GOAL OF THE EXERCISE —
Everything from the line containing "candle at (0.113, -0.270, 1.559)" through the line containing "Horizontal field of view: 54.7 degrees." in the listing below should be copied exactly, and nothing more.

RECORDED DATA —

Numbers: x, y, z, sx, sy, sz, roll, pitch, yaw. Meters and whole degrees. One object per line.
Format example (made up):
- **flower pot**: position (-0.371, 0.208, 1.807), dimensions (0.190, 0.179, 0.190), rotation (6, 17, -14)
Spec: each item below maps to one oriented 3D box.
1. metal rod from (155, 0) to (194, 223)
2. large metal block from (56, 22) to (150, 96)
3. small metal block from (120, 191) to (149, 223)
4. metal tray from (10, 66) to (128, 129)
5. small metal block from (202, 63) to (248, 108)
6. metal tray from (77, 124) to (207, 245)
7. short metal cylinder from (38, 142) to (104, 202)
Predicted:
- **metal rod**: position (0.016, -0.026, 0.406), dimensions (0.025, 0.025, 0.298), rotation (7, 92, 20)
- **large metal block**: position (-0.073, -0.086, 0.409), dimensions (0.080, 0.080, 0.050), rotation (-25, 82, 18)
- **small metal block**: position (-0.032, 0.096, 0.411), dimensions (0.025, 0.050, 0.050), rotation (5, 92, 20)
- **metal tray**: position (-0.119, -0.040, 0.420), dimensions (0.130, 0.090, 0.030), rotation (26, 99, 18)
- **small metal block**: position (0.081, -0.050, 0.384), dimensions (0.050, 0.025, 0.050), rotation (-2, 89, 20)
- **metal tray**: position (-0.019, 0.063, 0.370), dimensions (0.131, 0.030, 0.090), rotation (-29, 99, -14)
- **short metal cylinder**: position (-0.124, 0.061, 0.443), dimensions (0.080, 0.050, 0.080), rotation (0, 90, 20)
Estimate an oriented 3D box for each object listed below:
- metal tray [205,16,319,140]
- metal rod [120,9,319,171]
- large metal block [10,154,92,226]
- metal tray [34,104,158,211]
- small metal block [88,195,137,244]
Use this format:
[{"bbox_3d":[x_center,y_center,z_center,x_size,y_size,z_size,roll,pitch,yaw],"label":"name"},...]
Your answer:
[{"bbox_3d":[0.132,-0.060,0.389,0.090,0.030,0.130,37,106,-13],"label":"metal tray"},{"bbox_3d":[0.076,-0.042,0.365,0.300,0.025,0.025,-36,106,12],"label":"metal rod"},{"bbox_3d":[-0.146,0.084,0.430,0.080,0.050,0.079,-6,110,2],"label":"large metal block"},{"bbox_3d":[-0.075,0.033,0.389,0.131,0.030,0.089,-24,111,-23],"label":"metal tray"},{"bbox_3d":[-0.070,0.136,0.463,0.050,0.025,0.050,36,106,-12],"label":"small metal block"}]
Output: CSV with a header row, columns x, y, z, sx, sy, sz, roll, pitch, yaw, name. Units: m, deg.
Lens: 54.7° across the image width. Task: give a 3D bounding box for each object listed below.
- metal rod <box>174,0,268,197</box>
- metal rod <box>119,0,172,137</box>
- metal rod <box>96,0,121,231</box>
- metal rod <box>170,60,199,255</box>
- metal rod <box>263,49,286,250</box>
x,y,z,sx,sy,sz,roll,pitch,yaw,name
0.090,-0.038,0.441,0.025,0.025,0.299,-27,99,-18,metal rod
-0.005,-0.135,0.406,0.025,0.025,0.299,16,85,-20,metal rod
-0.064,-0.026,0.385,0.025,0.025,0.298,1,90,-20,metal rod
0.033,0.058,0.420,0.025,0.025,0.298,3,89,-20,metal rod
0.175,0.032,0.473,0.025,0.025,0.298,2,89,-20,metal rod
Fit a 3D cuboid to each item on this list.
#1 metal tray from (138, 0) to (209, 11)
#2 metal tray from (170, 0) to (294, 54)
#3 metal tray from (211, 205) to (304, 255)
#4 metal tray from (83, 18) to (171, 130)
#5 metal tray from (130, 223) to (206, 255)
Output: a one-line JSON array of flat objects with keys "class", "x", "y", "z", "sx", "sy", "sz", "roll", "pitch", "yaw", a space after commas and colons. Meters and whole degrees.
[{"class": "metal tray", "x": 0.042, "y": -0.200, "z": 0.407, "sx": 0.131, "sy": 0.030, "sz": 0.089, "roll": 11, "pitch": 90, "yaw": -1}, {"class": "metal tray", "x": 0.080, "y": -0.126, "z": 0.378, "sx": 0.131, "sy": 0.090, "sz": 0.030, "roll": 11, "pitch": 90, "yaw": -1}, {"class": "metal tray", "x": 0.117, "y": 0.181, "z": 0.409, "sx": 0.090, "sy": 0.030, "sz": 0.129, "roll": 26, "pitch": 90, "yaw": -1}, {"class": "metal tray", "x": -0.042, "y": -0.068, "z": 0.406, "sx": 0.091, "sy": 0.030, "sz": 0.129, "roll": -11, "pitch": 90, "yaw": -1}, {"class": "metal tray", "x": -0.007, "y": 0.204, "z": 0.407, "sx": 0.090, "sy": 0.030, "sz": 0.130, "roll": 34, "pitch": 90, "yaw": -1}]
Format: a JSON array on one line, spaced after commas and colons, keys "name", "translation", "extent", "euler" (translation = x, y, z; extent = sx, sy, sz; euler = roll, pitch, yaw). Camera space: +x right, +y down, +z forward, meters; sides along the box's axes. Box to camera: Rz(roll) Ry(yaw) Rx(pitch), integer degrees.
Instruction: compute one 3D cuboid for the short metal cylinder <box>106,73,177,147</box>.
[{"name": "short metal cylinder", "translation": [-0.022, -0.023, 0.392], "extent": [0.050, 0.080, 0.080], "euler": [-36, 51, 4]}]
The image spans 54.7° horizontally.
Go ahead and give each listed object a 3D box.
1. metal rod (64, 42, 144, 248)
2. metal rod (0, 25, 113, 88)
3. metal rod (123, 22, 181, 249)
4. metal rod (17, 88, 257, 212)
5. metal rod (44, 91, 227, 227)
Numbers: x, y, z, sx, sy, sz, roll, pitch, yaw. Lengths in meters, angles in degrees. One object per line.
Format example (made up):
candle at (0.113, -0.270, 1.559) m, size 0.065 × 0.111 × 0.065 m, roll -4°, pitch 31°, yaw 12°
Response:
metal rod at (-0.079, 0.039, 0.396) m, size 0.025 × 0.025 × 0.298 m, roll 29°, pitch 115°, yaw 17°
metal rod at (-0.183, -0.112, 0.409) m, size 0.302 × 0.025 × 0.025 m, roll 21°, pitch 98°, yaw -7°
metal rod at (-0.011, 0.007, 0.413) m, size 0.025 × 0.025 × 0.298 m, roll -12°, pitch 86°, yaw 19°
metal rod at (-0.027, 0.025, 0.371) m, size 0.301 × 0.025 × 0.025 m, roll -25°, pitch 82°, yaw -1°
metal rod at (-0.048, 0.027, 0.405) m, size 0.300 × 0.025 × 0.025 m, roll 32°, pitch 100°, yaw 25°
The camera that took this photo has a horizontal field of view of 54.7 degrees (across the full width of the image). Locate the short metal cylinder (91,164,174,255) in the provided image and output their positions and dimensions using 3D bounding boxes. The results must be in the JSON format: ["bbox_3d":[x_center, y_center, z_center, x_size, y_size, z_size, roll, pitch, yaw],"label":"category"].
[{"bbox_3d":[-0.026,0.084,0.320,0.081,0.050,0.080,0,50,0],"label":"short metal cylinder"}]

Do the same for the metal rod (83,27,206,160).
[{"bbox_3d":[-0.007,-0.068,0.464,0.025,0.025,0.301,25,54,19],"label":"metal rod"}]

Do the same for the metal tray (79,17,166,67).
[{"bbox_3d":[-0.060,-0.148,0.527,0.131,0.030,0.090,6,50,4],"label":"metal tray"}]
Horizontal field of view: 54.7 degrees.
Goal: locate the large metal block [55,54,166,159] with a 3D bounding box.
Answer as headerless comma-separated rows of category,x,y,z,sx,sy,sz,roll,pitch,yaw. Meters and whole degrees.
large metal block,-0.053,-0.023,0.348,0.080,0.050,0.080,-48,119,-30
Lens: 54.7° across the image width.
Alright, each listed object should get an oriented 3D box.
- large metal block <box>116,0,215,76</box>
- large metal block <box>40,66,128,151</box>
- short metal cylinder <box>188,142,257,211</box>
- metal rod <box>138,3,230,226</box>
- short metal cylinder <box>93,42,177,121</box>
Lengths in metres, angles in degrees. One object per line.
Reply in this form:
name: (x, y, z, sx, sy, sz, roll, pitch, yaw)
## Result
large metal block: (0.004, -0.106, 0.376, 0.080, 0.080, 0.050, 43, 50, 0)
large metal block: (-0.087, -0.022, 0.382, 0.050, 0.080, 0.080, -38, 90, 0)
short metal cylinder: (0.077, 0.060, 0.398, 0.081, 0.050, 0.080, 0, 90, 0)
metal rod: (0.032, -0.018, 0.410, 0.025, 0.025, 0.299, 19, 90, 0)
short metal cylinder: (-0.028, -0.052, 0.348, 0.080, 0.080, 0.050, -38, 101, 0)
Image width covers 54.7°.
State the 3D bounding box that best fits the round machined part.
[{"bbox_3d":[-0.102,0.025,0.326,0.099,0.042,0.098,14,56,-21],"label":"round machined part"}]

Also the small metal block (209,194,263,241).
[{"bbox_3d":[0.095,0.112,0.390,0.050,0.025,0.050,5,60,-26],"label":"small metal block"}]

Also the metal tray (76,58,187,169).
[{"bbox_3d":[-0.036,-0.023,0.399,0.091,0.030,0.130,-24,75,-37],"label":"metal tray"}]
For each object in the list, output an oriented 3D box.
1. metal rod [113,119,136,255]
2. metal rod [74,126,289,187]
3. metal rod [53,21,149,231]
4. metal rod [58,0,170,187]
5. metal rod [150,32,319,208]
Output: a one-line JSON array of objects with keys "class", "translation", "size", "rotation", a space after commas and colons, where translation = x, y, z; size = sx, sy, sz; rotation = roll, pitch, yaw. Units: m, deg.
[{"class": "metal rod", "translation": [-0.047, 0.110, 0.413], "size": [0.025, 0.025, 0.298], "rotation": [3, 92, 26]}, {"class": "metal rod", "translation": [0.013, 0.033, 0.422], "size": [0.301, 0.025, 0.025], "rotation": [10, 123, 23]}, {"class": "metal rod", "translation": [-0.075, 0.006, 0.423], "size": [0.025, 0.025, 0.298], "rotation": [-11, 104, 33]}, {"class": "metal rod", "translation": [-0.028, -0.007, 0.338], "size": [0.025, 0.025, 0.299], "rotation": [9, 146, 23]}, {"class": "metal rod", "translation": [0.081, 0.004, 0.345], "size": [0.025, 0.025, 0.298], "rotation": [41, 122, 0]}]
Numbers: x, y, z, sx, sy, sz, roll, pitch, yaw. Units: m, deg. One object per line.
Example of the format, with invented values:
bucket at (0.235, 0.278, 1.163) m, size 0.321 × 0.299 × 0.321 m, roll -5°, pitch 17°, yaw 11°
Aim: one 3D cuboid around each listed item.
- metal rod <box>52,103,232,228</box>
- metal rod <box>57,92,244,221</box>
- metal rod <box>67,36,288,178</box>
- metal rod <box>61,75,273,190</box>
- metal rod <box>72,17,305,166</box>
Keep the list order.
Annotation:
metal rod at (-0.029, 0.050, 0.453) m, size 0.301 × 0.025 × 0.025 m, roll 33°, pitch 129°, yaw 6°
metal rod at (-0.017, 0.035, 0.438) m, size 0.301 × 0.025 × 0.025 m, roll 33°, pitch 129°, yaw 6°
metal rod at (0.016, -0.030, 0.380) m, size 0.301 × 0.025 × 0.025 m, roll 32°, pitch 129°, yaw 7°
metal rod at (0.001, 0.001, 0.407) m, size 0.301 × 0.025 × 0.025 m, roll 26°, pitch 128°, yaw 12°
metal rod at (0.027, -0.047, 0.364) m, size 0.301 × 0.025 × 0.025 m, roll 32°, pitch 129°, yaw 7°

ANSWER FOR THIS EXERCISE —
candle at (0.113, -0.270, 1.559) m, size 0.065 × 0.111 × 0.065 m, roll -4°, pitch 31°, yaw 12°
Response:
metal rod at (-0.079, 0.039, 0.396) m, size 0.025 × 0.025 × 0.298 m, roll 29°, pitch 115°, yaw 17°
metal rod at (-0.183, -0.112, 0.409) m, size 0.302 × 0.025 × 0.025 m, roll 21°, pitch 98°, yaw -7°
metal rod at (-0.011, 0.007, 0.413) m, size 0.025 × 0.025 × 0.298 m, roll -12°, pitch 86°, yaw 19°
metal rod at (-0.027, 0.025, 0.371) m, size 0.301 × 0.025 × 0.025 m, roll -25°, pitch 82°, yaw -1°
metal rod at (-0.048, 0.027, 0.405) m, size 0.300 × 0.025 × 0.025 m, roll 32°, pitch 100°, yaw 25°
The camera that took this photo has a horizontal field of view of 54.7 degrees (across the full width of the image). Locate the short metal cylinder (91,164,174,255) in the provided image and output their positions and dimensions using 3D bounding boxes. The results must be in the JSON format: ["bbox_3d":[x_center, y_center, z_center, x_size, y_size, z_size, roll, pitch, yaw],"label":"category"].
[{"bbox_3d":[-0.026,0.084,0.320,0.081,0.050,0.080,0,50,0],"label":"short metal cylinder"}]

Do the same for the metal rod (83,27,206,160).
[{"bbox_3d":[-0.007,-0.068,0.464,0.025,0.025,0.301,25,54,19],"label":"metal rod"}]

Do the same for the metal tray (79,17,166,67).
[{"bbox_3d":[-0.060,-0.148,0.527,0.131,0.030,0.090,6,50,4],"label":"metal tray"}]
Horizontal field of view: 54.7 degrees.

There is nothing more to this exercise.